The Day the Earth Smiled: Sneak Preview
In this rare image taken on July 19, 2013, the wide-angle camera on NASA’s Cassini spacecraft has captured Saturn’s rings and our planet Earth and its moon in the same frame. Image Credit: NASA/JPL-Caltech/Space Science Institute
See below our wider context mosaic of the Earth, Saturn and its majestic rings[/caption]
Breathtaking raw images of the Earth and Saturn system snapped by NASA’s Cassini spacecraft on July 19 during the worldwide ‘Wave at Saturn’ campaign are streaming back across 1 billion miles of interplanetary space.
Science team members are now busily processing the images to create individual color composites and a panoramic view of the ‘pale blue dot’ and the entire Saturnian system.
NASA just released the first individual color composite focusing on Earth – see above.

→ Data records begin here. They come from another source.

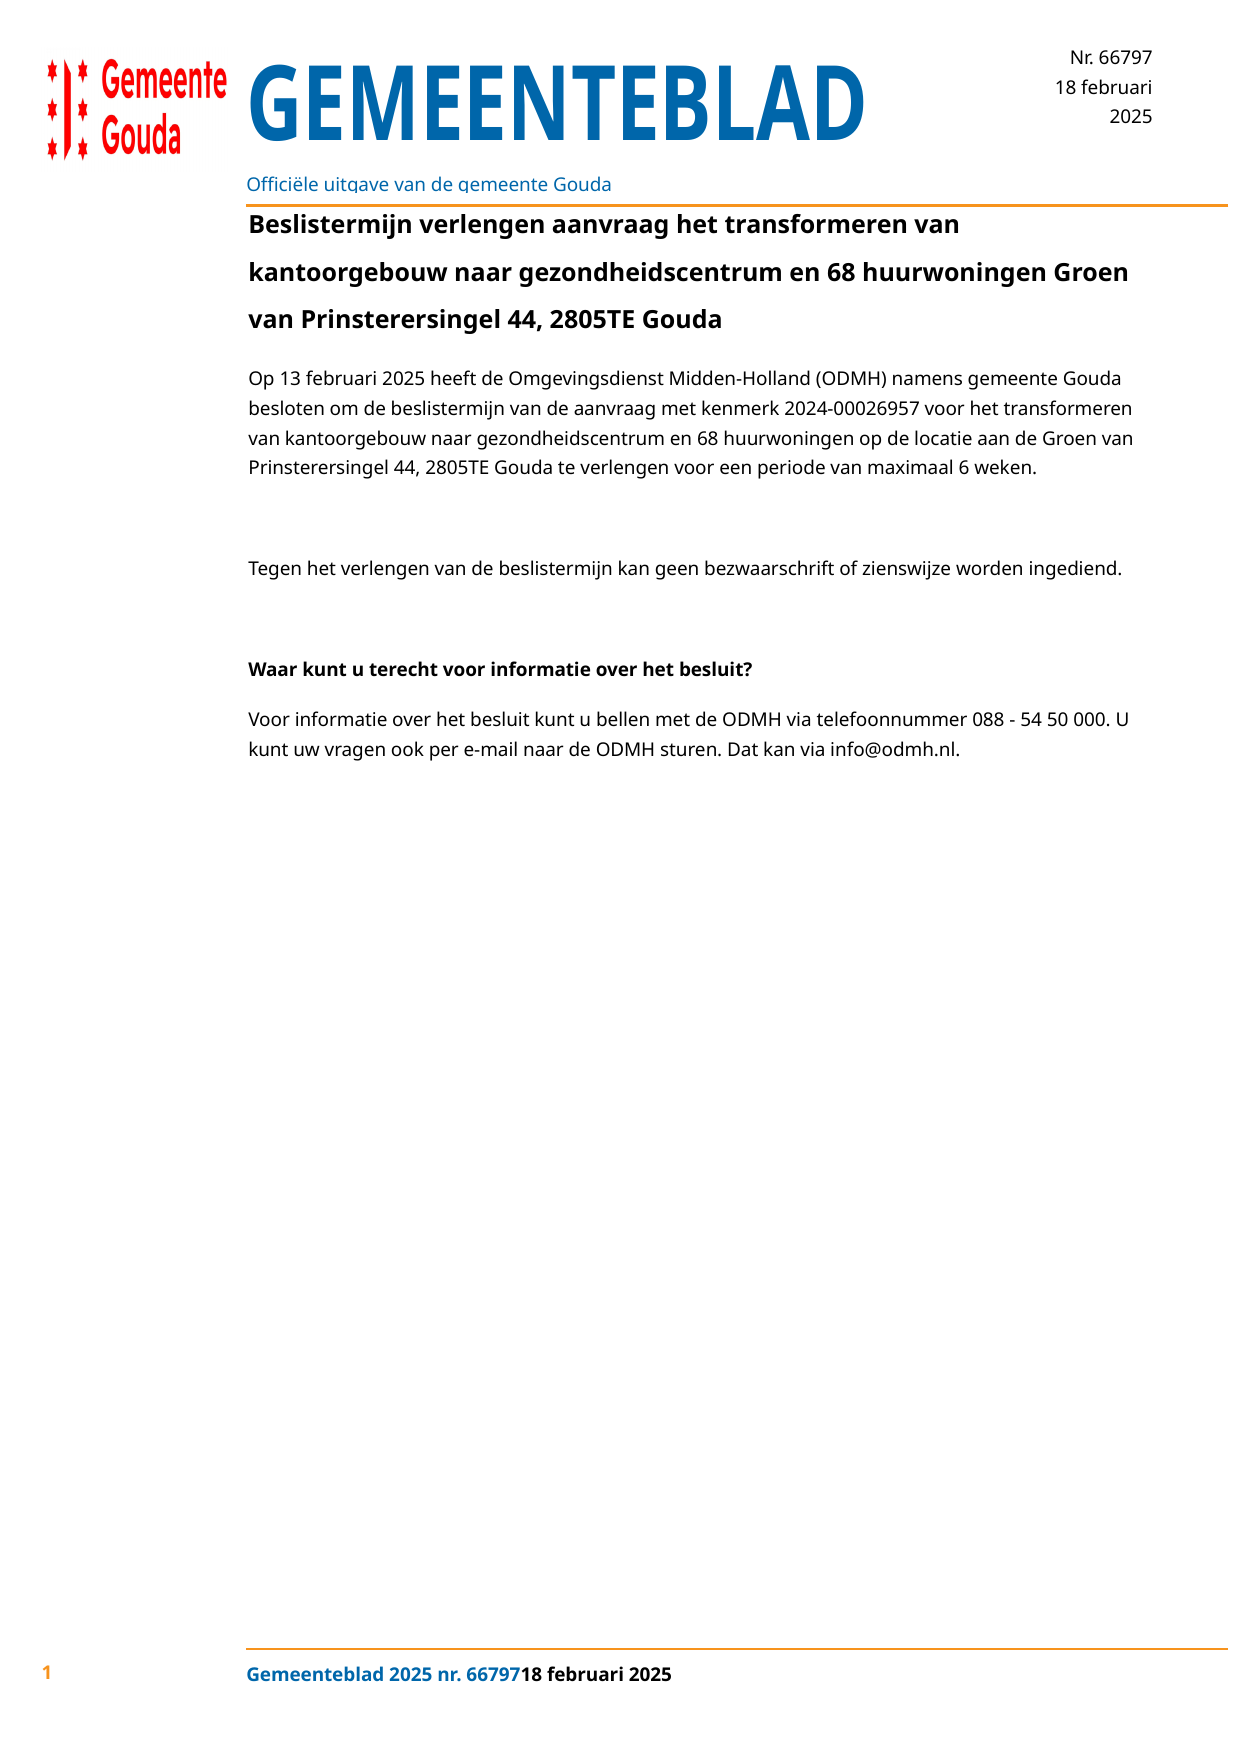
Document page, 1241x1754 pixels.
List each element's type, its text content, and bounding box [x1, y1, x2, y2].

text Tegen het verlengen van de beslistermijn kan geen bezwaarschrift of zienswijze worden ingediend. [248, 555, 1152, 581]
text Op 13 februari 2025 heeft de Omgevingsdienst Midden-Holland (ODMH) namens gemeente Gouda besloten om de beslistermijn van de aanvraag met kenmerk 2024-00026957 voor het transformeren van kantoorgebouw naar gezondheidscentrum en 68 huurwoningen op de locatie aan de Groen van Prinsterersingel 44, 2805TE Gouda te verlengen voor een periode van maximaal 6 weken. [248, 366, 1152, 480]
text Beslistermijn verlengen aanvraag het transformeren van kantoorgebouw naar gezondheidscentrum en 68 huurwoningen Groen van Prinsterersingel 44, 2805TE Gouda [248, 207, 1152, 336]
picture [41, 47, 231, 172]
text Waar kunt u terecht voor informatie over het besluit? [248, 656, 1152, 682]
text Voor informatie over het besluit kunt u bellen met de ODMH via telefoonnummer 088 - 54 50 000. U kunt uw vragen ook per e-mail naar de ODMH sturen. Dat kan via info@odmh.nl. [248, 706, 1152, 762]

And its spectacular!
See below our preliminary mosaic showing the Earth in context with nearly half of Saturn and floating in between its incomparably majestic rings.
To capture all of Saturn and its wide swath of rings, Cassini’s wide angle camera snapped a mosaic of 33 footprints.
“At each footprint, images were taken in different spectral filters for a total of 323 images,” says Carolyn Porco, Cassini Imaging Team leader of the Space Science Institute in Boulder, Colo.
Cassini took the pictures of Earth between 2:27 and 2:42 p.m. PDT on Friday, July 19 from a distance of about 898 million miles (1.44 billion kilometers) away from the home to every human being that has ever lived.
The images show the Earth and the Moon as dots barely about a pixel wide but do reveal the ‘pale blue dot’ that is home to all of humanity and our whitish colored neighbor.
Coincidentally, the first humans (Neil Armstrong and Buzz Aldrin) set foot on the Moon 44 years ago nearly to the day of Cassini’s new images on July 20, 1969.
Distant views of the Earth from our robotic explorers, especially from the outer reaches of our Solar System, are few and far between, and are therefore events for space and astronomy enthusiasts and everyone else to savor.
“One of the most exciting Cassini events in 2013 will be the unusual opportunity on July 19 to image the whole Saturn system as it is backlit by the sun,” explained Linda Spilker, Cassini project scientist of NASA’s Jet Propulsion Laboratory, Pasadena, Calif.
“With Saturn covering the harsh light of the sun, we will be gathering unique ring science and also catching a glimpse of our very own home planet.”
Cassini previously took an absolutely fabulous mosaic of Saturn and Earth back in 2006 that stands as one of the landmark images of the space age.
Besides being picturesque, such mosaics also serve science. For example, the 2006 image “revealed that the dusty E ring, which is fed by the water-ice plume of the moon Enceladus, had unexpectedly large variations in brightness and color around its orbit,” says Spilker.
“We’ll want to see how that looks seven Earth years and a Saturnian season later, giving us clues to the forces at work in the Saturn system. We’ll do this analysis by collecting data from our visual and infrared mapping spectrometer, composite infrared mapping spectrometer and ultraviolet imaging spectrograph in addition to the imaging cameras.”
“July 19 marked the first time people on Earth had advance notice their planet’s portrait was being taken from interplanetary distances,” says NASA.
I waved fondly at Saturn and hope you had the chance to wave at Saturn from all across the globe. NASA reports that nearly 20,000 participated in organized events. Countless others waved too.
Cassini was launched in 1997 and achieved orbit at Saturn in 2004. The mission is scheduled to continue until 2017 when it will commit a suicide death dive into the gas giant.
“We can’t see individual continents or people in this portrait of Earth, but this pale blue dot is a succinct summary of who we were on July 19,” said Spilker in a NASA statement.
“Cassini’s picture reminds us how tiny our home planet is in the vastness of space, and also testifies to the ingenuity of the citizens of this tiny planet to send a robotic spacecraft so far away from home to study Saturn and take a look-back photo of Earth.”